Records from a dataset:
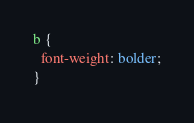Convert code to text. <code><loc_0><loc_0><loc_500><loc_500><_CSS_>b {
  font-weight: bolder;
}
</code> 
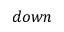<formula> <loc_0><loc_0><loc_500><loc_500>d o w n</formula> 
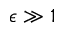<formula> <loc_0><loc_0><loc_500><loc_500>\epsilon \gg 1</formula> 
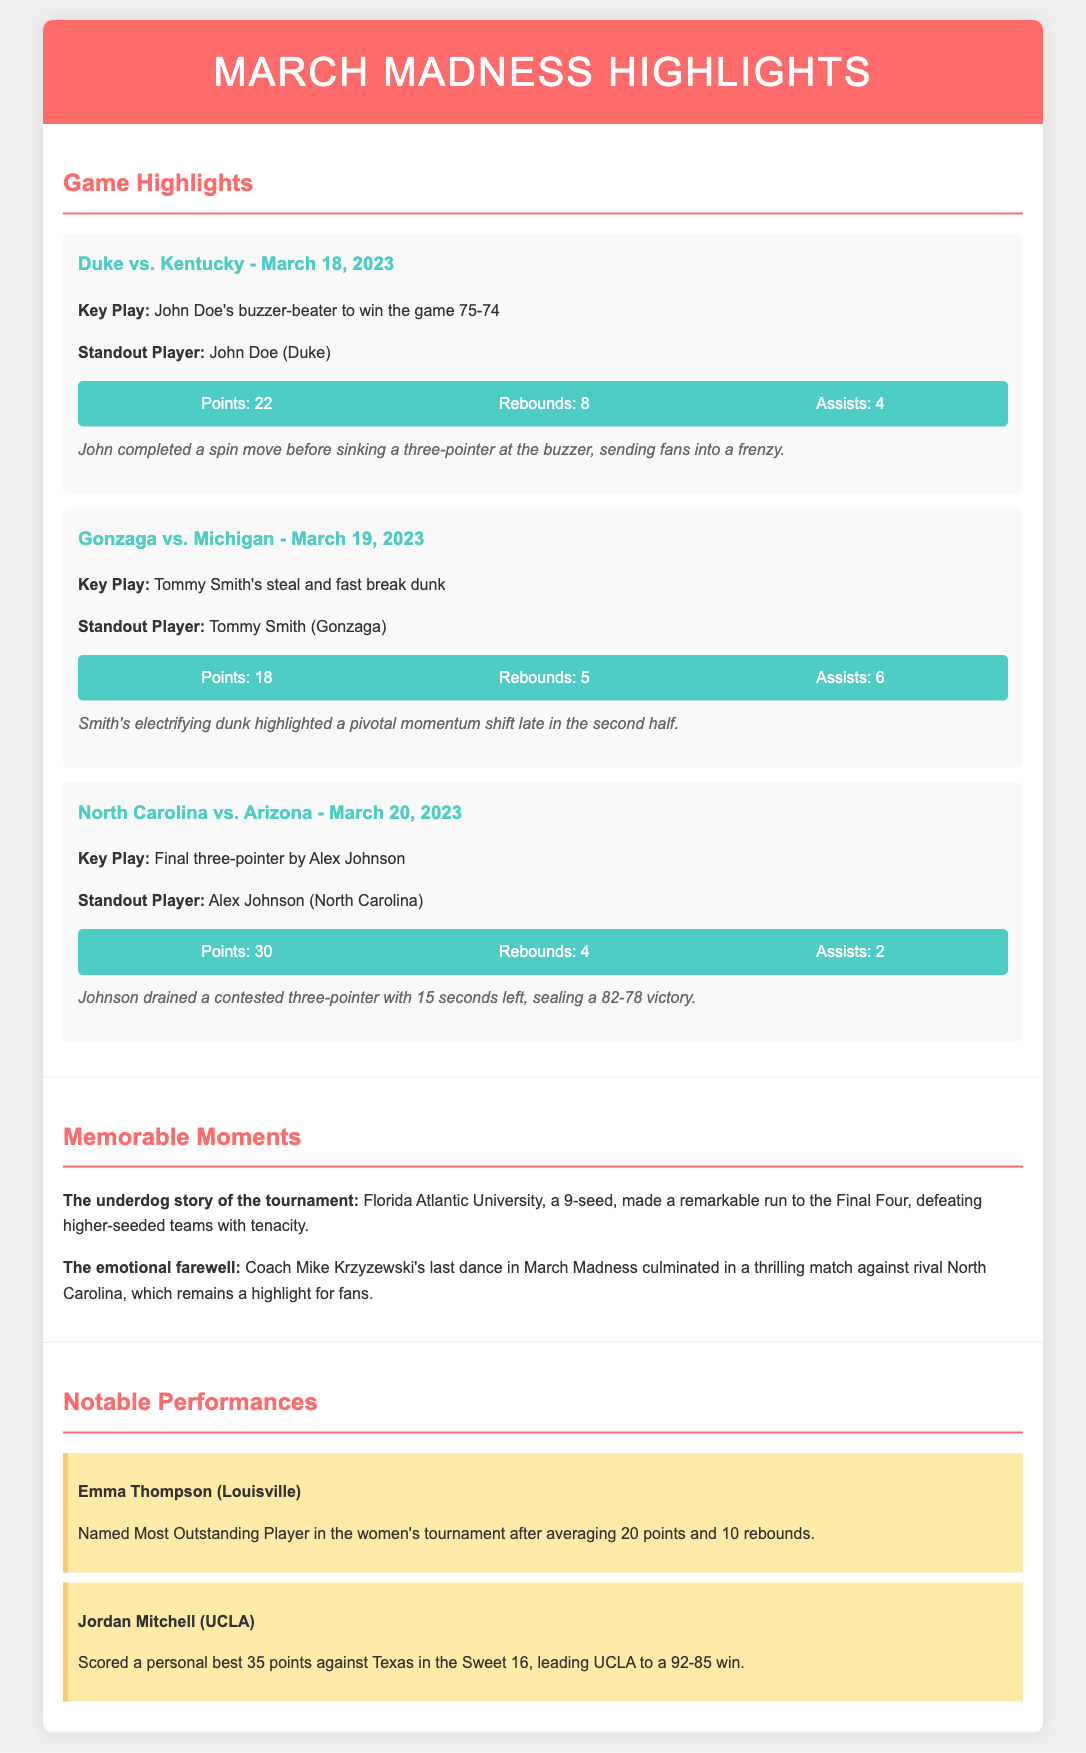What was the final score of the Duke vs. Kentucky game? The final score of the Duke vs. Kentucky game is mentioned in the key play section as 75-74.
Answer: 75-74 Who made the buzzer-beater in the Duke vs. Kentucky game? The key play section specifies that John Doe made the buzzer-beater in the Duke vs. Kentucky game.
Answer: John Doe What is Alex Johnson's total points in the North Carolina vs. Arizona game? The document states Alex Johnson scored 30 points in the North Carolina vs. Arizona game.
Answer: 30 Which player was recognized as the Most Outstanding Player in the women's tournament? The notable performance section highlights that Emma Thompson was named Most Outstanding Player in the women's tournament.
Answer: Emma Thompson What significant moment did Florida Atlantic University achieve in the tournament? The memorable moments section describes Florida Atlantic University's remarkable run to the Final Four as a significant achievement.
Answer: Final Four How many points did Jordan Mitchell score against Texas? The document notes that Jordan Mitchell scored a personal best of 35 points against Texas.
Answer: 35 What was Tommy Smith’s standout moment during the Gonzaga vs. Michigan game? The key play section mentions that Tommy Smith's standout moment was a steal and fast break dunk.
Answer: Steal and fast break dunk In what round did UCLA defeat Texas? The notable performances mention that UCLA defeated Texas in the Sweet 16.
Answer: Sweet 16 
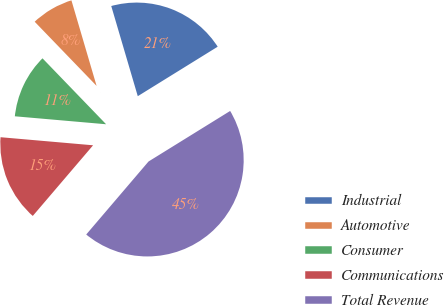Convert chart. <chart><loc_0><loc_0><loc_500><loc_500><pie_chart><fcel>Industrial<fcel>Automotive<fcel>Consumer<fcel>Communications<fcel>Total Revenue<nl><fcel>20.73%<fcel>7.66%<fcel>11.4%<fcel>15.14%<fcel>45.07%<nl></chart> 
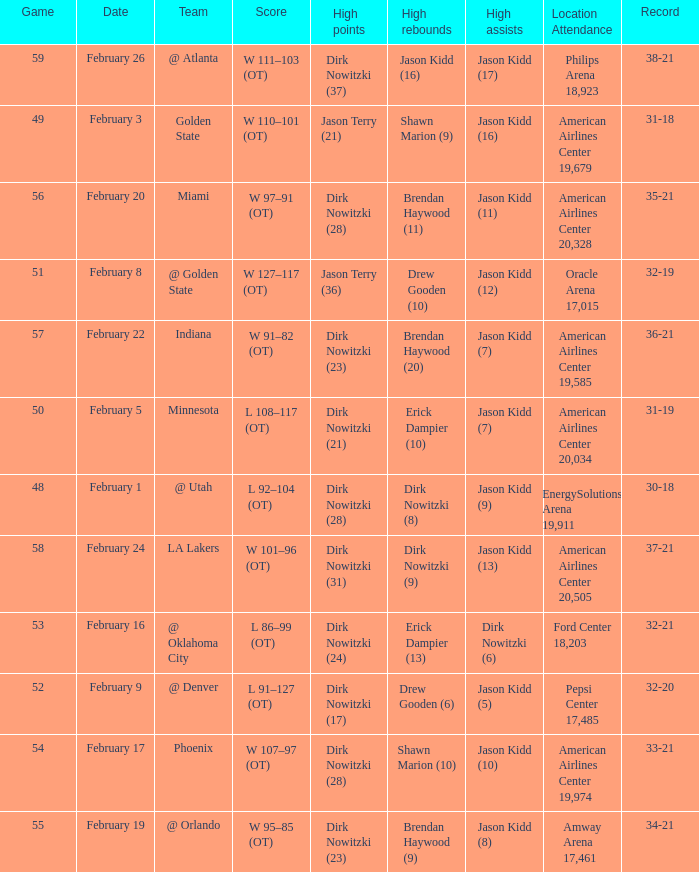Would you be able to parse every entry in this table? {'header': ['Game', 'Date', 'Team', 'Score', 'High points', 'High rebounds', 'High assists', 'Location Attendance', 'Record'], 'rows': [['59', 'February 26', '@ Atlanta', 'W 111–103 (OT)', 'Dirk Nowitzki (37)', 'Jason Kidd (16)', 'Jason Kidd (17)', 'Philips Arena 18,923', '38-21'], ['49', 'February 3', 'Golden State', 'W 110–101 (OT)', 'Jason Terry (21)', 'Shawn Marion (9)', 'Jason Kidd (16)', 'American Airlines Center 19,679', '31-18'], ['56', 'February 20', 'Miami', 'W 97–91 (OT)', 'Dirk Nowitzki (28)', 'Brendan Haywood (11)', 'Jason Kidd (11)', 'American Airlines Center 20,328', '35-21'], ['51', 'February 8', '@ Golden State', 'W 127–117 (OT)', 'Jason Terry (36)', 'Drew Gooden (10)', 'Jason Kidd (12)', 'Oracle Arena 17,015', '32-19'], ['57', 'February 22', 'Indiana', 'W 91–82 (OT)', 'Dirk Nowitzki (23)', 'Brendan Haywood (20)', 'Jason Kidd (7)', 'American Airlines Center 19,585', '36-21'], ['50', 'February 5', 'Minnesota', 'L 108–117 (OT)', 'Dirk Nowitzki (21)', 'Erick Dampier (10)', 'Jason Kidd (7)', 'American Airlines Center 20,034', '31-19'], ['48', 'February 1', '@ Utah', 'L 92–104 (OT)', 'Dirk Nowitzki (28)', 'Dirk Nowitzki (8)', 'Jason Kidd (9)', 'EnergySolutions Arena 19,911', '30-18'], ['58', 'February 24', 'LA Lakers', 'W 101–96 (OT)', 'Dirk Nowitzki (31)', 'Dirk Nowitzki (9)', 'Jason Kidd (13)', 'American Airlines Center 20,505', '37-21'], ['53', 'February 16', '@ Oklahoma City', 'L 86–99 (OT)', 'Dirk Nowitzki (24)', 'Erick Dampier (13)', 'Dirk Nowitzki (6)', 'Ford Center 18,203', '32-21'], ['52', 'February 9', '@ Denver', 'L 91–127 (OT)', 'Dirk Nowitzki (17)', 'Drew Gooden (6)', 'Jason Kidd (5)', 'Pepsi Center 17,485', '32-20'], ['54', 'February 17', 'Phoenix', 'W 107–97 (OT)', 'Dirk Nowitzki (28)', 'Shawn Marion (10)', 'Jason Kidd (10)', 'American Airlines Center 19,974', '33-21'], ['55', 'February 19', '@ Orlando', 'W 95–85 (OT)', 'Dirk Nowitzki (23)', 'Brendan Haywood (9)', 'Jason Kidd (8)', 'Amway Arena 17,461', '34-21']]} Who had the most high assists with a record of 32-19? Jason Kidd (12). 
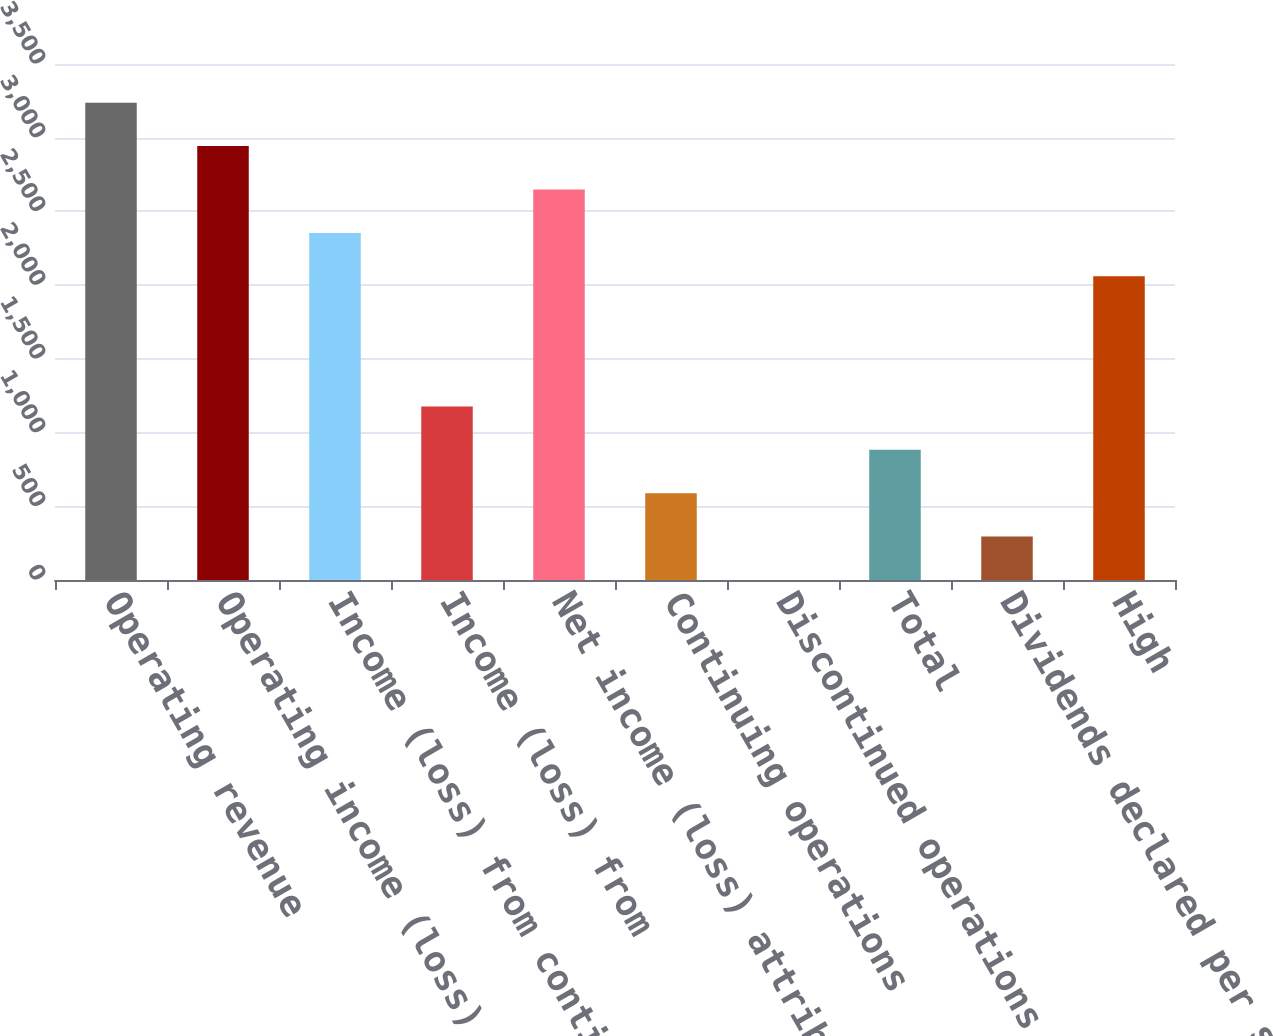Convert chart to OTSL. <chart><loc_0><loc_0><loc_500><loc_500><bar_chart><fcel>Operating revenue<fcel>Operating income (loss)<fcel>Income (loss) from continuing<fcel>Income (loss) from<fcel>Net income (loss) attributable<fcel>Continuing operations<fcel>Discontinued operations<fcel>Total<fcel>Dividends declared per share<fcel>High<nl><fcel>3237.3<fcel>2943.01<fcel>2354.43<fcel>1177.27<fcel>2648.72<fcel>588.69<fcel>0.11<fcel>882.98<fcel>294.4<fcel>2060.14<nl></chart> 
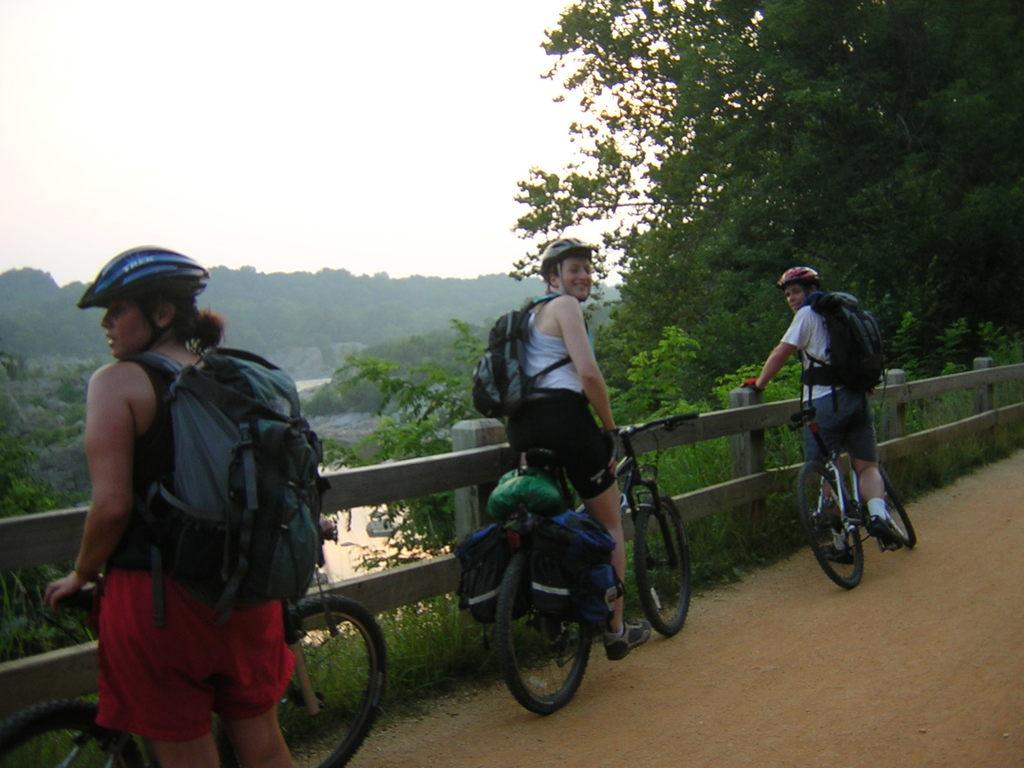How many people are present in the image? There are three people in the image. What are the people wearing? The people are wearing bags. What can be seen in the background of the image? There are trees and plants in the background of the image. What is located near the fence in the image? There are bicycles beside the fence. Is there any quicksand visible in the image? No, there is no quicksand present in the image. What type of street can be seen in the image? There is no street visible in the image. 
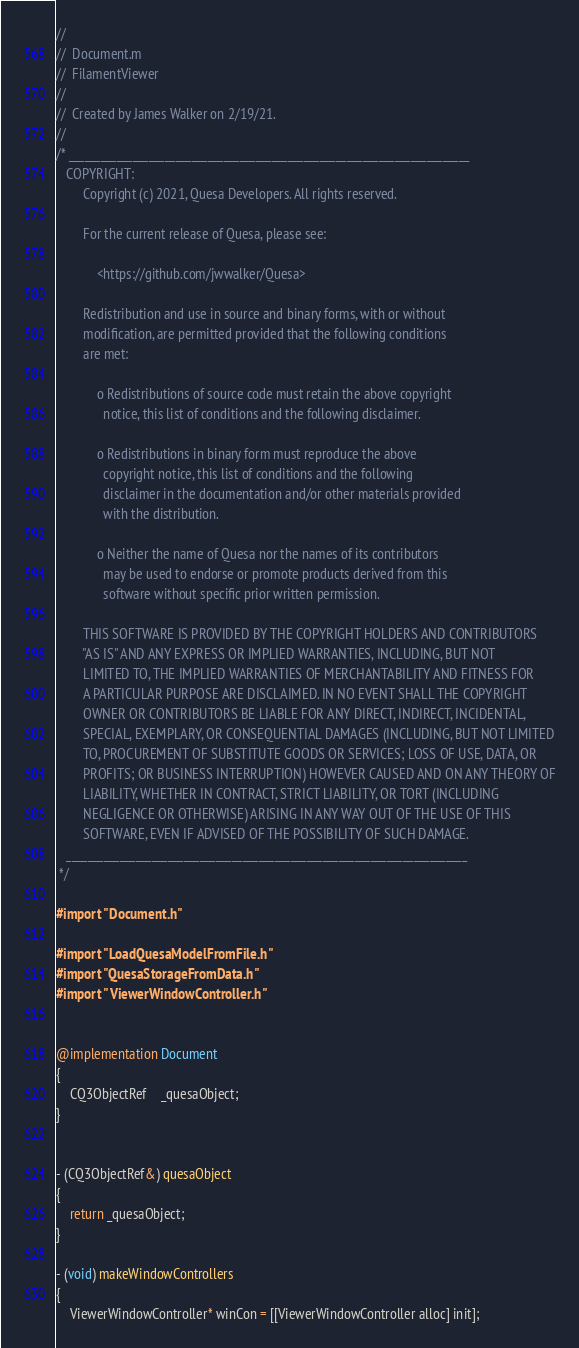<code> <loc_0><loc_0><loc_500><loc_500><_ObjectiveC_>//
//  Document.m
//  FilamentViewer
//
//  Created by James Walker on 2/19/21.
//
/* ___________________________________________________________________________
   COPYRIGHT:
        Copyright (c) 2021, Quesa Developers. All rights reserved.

**Exercise directions**:
Every line above with the word "tournament" is to be copied out.

**The completed task**:
Answer: 30 Which player was recognized as the Most Outstanding Player in the women's tournament? The notable performance section highlights that Emma Thompson was named Most Outstanding Player in the women's tournament.
Answer: Emma Thompson What significant moment did Florida Atlantic University achieve in the tournament? The memorable moments section describes Florida Atlantic University's remarkable run to the Final Four as a significant achievement.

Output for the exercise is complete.